Here is the research we’ve found on cyberbullying in Zambia, with the most recent first. Please email us if you have any articles to add with the details ordered in the same format as the others.
Authors: Nyirongo, J., Batubenge, B., Kamwasha, P., Phiri, E., Musonda, K., and Nkhata, S.
Title: The Use of Digital Literacy to Address Cyberbullying Among Pupils: A Case Study of Pupils at Three (3) Selected Schools
Journal: Research in Development Information Systems
URL: (Now defunct)
Abstract: The issue that this study addressed was the digital misappropriation. In addition, this problem continues to persist and has been largely responsible for pupils not being able to perform well in their studies and having psychosocial issues. Cyber bullying has been done through text messaging, picture/photos or video clip through phone calls, email in chat rooms, instant messaging and website. To address this problem, the purpose of this study was to assess the effectiveness of Digital media literacy in addressing cyber bullying and its objectives included; investigating digital media literacy information provision to pupils, investigating pupils’ understanding of their responsibilities when using digital media and finding out how pupils responded to unethical internet usage. To gather data, the study used a mixed method design where questionnaires and an interview guide were used on 100 pupils and 3 teachers who were selected on simple random and purposive sampling respectively. The study found that pupils received information on how to safeguard their log in credentials, how to avoid cyberbullying, how to use the internet for general and academic purposes.
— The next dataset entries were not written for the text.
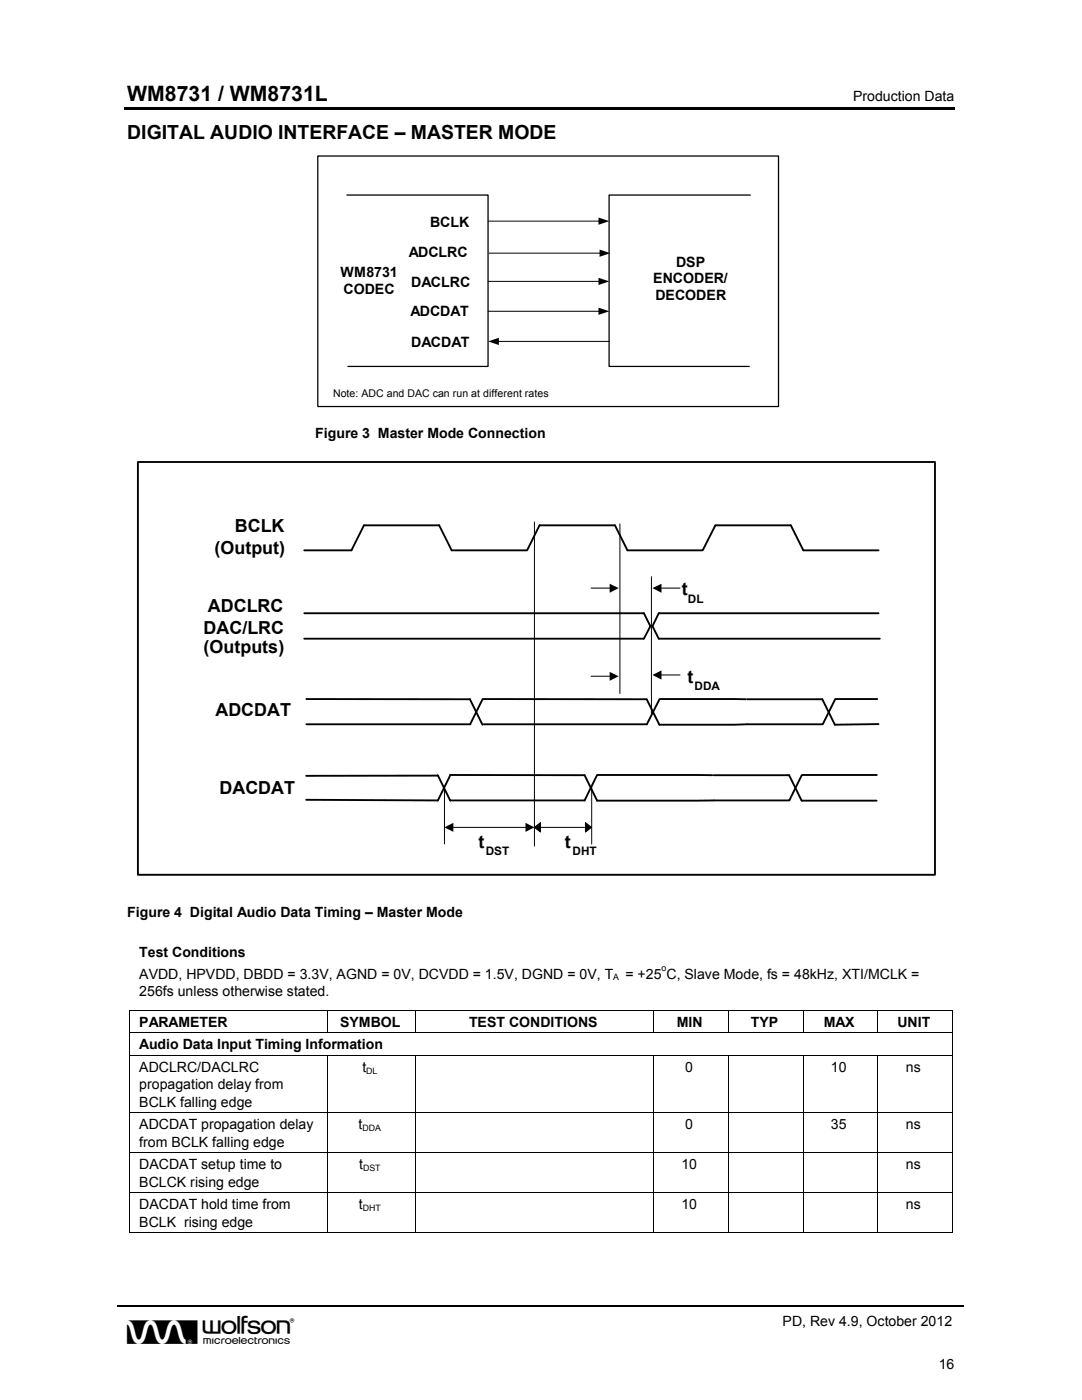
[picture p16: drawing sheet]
<svg xmlns="http://www.w3.org/2000/svg" width="216mm" height="279mm" viewBox="0 0 216 279" stroke-linecap="round" stroke-linejoin="round" font-family="sans-serif">
<defs><g id="words">
<text font-size="7" x="25.4" y="268.2">w</text>
<text font-size="4.2" x="25.4" y="20.1">WM8731 / WM8731L</text>
<text font-size="3.9" x="25.4" y="27.7">DIGITAL AUDIO INTERFACE – MASTER MODE</text>
<g font-size="3.6">
<text x="46.9" y="106.3">BCLK</text>
<text x="42.8" y="110.5">(Output)</text>
<text x="136.1" y="118.7">t</text>
<text x="41.5" y="122.1">ADCLRC</text>
<text x="40.6" y="126.4">DAC/LRC</text>
<text x="40.6" y="130.3">(Outputs)</text>
<text x="137.2" y="136.2">t</text>
<text x="43" y="143">ADCDAT</text>
<text x="43.8" y="158.4">DACDAT</text>
<text x="95.5" y="169.2">t</text>
<text x="112.7" y="169.2">t</text>
</g>
<g font-size="2.8">
<text x="170.2" y="20.1">Production Data</text>
<text x="85.8" y="45.3">BCLK</text>
<text x="81.6" y="51.3">ADCLRC</text>
<text x="134.9" y="53.2">DSP</text>
<text x="67.9" y="55.2">WM8731</text>
<text x="68.5" y="58.6">CODEC</text>
<text x="82.1" y="57.3">DACLRC</text>
<text x="130.3" y="56.6">ENCODER/</text>
<text x="130.8" y="60">DECODER</text>
<text x="81.9" y="63.1">ADCDAT</text>
<text x="82.1" y="69.2">DACDAT</text>
<text x="62.9" y="87.4">Figure 3 Master Mode Connection</text>
<text x="25.4" y="183">Figure 4 Digital Audio Data Timing – Master Mode</text>
<text x="27.8" y="191">Test Conditions</text>
<text x="27.8" y="195.3">AVDD, HPVDD, DBDD = 3.3V, AGND = 0V, DCVDD = 1.5V, DGND = 0V, T</text>
<text x="124.8" y="195.3">= +25 C, Slave Mode, fs = 48kHz, XTI/MCLK =</text>
<text x="27.8" y="198.8">256fs unless otherwise stated.</text>
<text x="27.8" y="209.4">Audio Data Input Timing Information</text>
<text x="27.8" y="205">PARAMETER</text>
<text x="67.9" y="205">SYMBOL</text>
<text x="93.6" y="205">TEST CONDITIONS</text>
<text x="135.1" y="205">MIN</text>
<text x="149.8" y="205">TYP</text>
<text x="164.4" y="205">MAX</text>
<text x="179.1" y="205">UNIT</text>
<text x="27.8" y="213.8">ADCLRC/DACLRC</text>
<text x="72.3" y="213.9">t</text>
<text x="136.7" y="213.9">0</text>
<text x="165.8" y="213.9">10</text>
<text x="180.8" y="213.9">ns</text>
<text x="27.8" y="217.4">propagation delay from</text>
<text x="27.8" y="220.9">BCLK falling edge</text>
<text x="27.8" y="225.3">ADCDAT propagation delay</text>
<text x="71.6" y="225.4">t</text>
<text x="136.7" y="225.4">0</text>
<text x="165.8" y="225.4">35</text>
<text x="180.8" y="225.4">ns</text>
<text x="27.8" y="228.9">from BCLK falling edge</text>
<text x="27.8" y="233.3">DACDAT setup time to</text>
<text x="71.6" y="233.4">t</text>
<text x="136" y="233.4">10</text>
<text x="180.8" y="233.4">ns</text>
<text x="27.8" y="236.8">BCLCK rising edge</text>
<text x="27.8" y="241.3">DACDAT hold time from</text>
<text x="27.8" y="244.8">BCLK rising edge</text>
<text x="71.6" y="241.3">t</text>
<text x="136" y="241.3">10</text>
<text x="180.8" y="241.3">ns</text>
<text x="156.2" y="264.7">PD, Rev 4.9, October 2012</text>
<text x="187.3" y="273.2">16</text>
</g>
<g font-size="2.3">
<text x="137.2" y="120.4">DL</text>
<text x="138.6" y="137.6">DDA</text>
<text x="96.9" y="170.7">DST</text>
<text x="114.2" y="170.7">DHT</text>
</g>
<text font-size="2.1" x="66.5" y="79.1">Note: ADC and DAC can run at different rates</text>
<g font-size="1.8">
<text x="122.4" y="195.6">A</text>
<text x="132" y="193.9">o</text>
<text x="73.1" y="214.3">DL</text>
<text x="72.3" y="225.8">DDA</text>
<text x="72.4" y="233.7">DST</text>
<text x="72.4" y="241.7">DHT</text>
</g>
</g></defs>
<path d="M24.9 21.3h165.6v.5h-165.6z" fill="#000"/>
<path d="M23.5 260.6h168.9" fill="none" stroke="#000" stroke-width=".34"/>
<path d="M186.8 39.1h3v8h-3z" fill="#fff"/>
<path d="M63.4 31.1h91.9v50h-91.9z" fill="none" stroke="#000" stroke-width=".25"/>
<path d="M84 52.8h3v8h-3z" fill="#fff"/>
<path d="M69.2 38.9h28.2v34.2h-28M149.7 38.9h-28.2v34.2h28" fill="none" stroke="#000" stroke-width=".25"/>
<path d="M97.4 44.1h22.2M97.4 56.2h22.2M97.6 50.5h22.2M97.4 62.1h22.2M99.4 68.1h22.2" fill="none" stroke="#000" stroke-width=".2"/>
<path d="M119.4 43.4l2.2 .7-2.2 .8zM119.4 55.4l2.2 .8-2.2 .7zM119.6 49.8l2.2 .7-2.2 .7zM97.4 68.1l2.1-.7v1.5zM119.4 61.4l2.2 .7-2.2 .7z" fill="#000"/>
<path d="M27.5 92.2h159.1v82.4h-159.1zM60.7 109.8h9.4l2.5-5h15l2.5 5h15.1l2.5-5h15l2.5 5h15l2.5-5h15.1l2.5 5h15" fill="none" stroke="#000" stroke-width=".37"/>
<g fill="#fff">
<path d="M53.3 119.5h3.7v10h-3.7z"/>
<path d="M182.2 102.3h3.8v10h-3.8z"/>
</g>
<g fill="none" stroke="#000" stroke-width=".37">
<path d="M60.7 127.5h67.7M60.7 122.4h67.8l1.3 2.6-1.3 2.5M61.1 139.5l32.7 .1 2.5 5M96.3 139.5l-2.4 5h-32.8M96.5 139.5l32.5 .1 2.6 5 17.5-.1M148.8 139.6l-17.2-.1-2.5 5M149.1 139.6h15l2.5 5 8.7-.1M175 139.5h-8.3l-2.5 5h-15.1M175.3 122.4h-43.9l-1.2 2.6 1.2 2.5h44.2M87.4 154.8h-26.3M87.4 154.7l2.5 5.1M89.8 154.7h26.8l2.5 5.1 23.3-.1"/>
<path d="M89.8 154.9l-2.4 4.8-26.3-.1M96.5 144.5h32.6M142.1 154.7h-23l-2.5 5h-26.7M142.4 154.7h15.1l2.5 5.1h14.9M175 154.7h-15l-2.5 5h-15"/>
</g>
<g fill="none" stroke="#000" stroke-width=".2">
<path d="M106.6 104.2v64.7M117.9 117.4h4M123.7 104.5v33.9M130 115.1v27.4M131.8 117.4h3.9M117.9 135h4M131.8 134.7h3.9M88.7 157.1v11.3M118.1 157.1v11.4M90.3 165.1h14.8M107.8 165.1h8.8M25.8 201.7h164.4"/>
<path d="M25.8 206.1h164.4M25.8 210.6h164.4M25.9 201.8v4.3M25.9 206.2v4.3M25.9 210.7v11.3M65.4 201.8v4.3M65.4 210.7v11.3M82.9 201.8v4.3M82.9 210.7v11.3M130.4 201.8v4.3M130.4 210.7v11.3M145.3 201.8v4.3"/>
<path d="M145.3 210.7v11.3M160.3 201.8v4.3M160.3 210.7v11.3M175.2 201.8v4.3M175.2 210.7v11.3M190.1 201.8v4.3M190.1 206.2v4.3M190.1 210.7v11.3M25.8 222.1h164.4M25.8 230h164.4M25.8 238h164.4M25.9 222.1v7.8"/>
<path d="M25.9 230.1v7.8M25.9 238.1v7.9M65.4 222.1v7.8M65.4 230.1v7.8M65.4 238.1v7.9M82.9 222.1v7.8M82.9 230.1v7.8M82.9 238.1v7.9M130.4 222.1v7.8M130.4 230.1v7.8M130.4 238.1v7.9M145.3 222.1v7.8"/>
<path d="M145.3 230.1v7.8M145.3 238.1v7.9M160.3 222.1v7.8M160.3 230.1v7.8M160.3 238.1v7.9M175.2 222.1v7.8M175.2 230.1v7.8M175.2 238.1v7.9M190.1 222.1v7.8M190.1 230.1v7.8M190.1 238.1v7.9M25.8 245.9h39.5"/>
<path d="M65.5 245.9h17.3M83 245.9h47.3M130.5 245.9h14.7M145.4 245.9h14.8M160.3 245.9h14.8M175.2 245.9h14.8"/>
</g>
<g fill="#000">
<path d="M121.6 116.5l1.8 .9-1.8 .9zM130.2 117.4l1.8-.9v1.8zM121.6 134.1l1.8 .9-1.8 .9zM130.2 134.7l1.8-.9v1.8z"/>
<path d="M88.7 165.1l1.8-.9v1.8zM104.9 164.2l1.7 .9-1.7 .9z" fill-rule="evenodd"/>
</g>
<path d="M116.8 164.2l1.2 .9-1.2 1zM106.6 165.1l1.2-.9v1.9z" fill-rule="evenodd" fill="#000" stroke="#000" stroke-width=".2"/>
<path d="M25.8 201.6h.2v.2h-.2zM190 201.6h.2v.2h-.2zM190 245.9h.2v.1h-.2z" fill="#000"/>
<use href="#words"/>
</svg>

Other findings were that pupils understood their responsibilities in terms of respecting the opinions of others and report any ongoing cyberbullying. Further findings are that the pupils responded to unethical internet usage in ways such as reporting to relevant authorities, ignoring and participating. This research however concludes that digital media literacy goes a long way in terms of addressing cyberbullying as it educates the pupils by sensitizing them about what is acceptable and not acceptable online. Lastly the research makes the following recommendations; new area of research can be done in what restrictions can social media owners put in place to reduce cyberbullying and Schools should also create online accounts for all learners meant specifically for school work.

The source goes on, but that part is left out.